#### [DATA FOR PROCESSING]
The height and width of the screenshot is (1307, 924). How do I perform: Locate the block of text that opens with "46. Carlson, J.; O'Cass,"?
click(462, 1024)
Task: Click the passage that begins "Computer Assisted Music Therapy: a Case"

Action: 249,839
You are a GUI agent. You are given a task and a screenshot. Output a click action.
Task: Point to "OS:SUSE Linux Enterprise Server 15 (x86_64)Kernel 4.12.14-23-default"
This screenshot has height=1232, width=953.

--

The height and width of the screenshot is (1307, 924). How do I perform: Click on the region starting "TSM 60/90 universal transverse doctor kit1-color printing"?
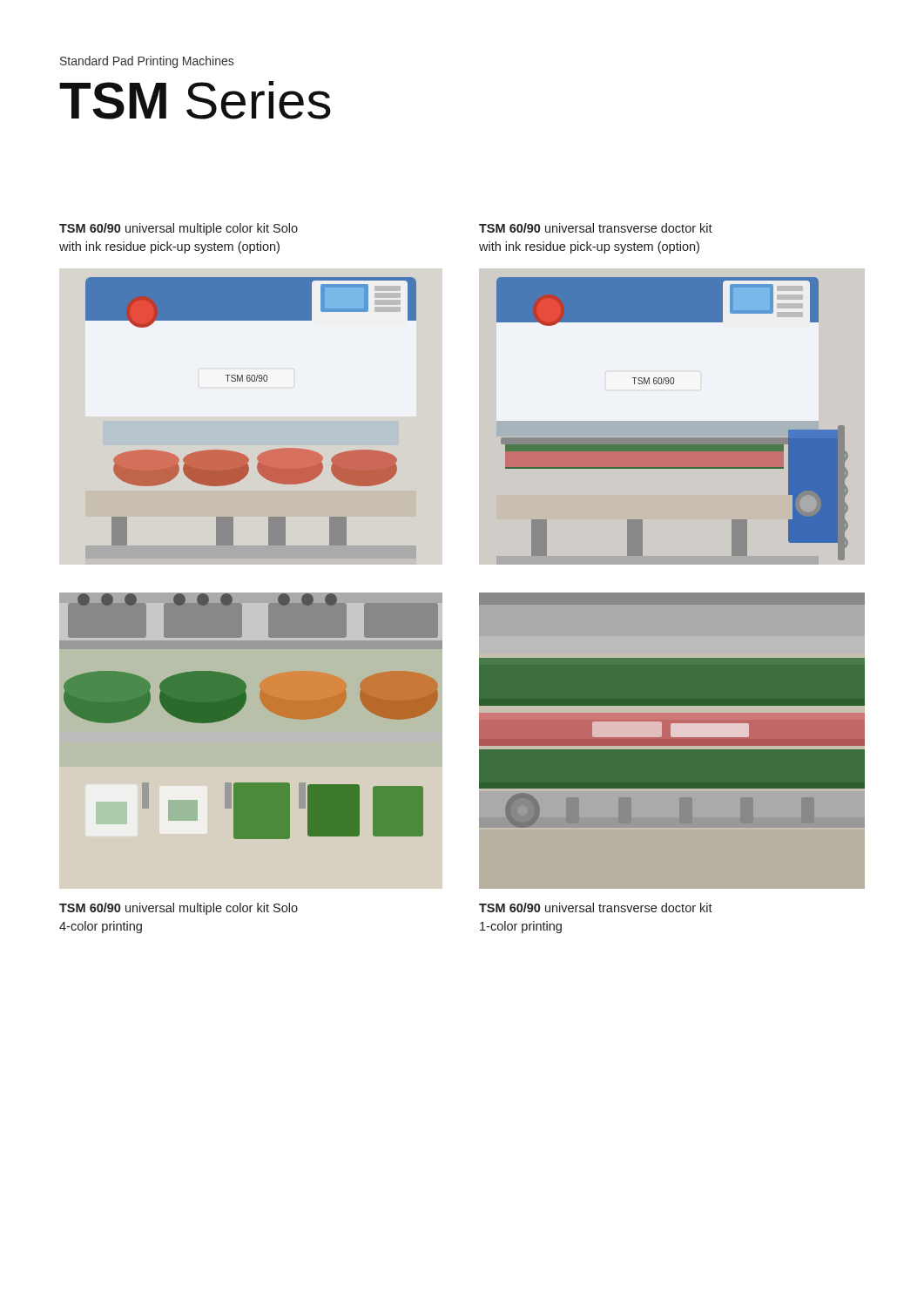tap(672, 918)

#### [INSTRUCTIONS FOR THE TASK]
Your answer should consist solely of the lines above from the line with "Task: Click the" to the line with "This screenshot has height=1232, width=953.", both included, reproduced exactly.

#### [RESPONSE TO THE EXERCISE]
Task: Click the passage that begins "Computer Assisted Music Therapy: a Case"

Action: 249,839
You are a GUI agent. You are given a task and a screenshot. Output a click action.
Task: Point to "OS:SUSE Linux Enterprise Server 15 (x86_64)Kernel 4.12.14-23-default"
This screenshot has height=1232, width=953.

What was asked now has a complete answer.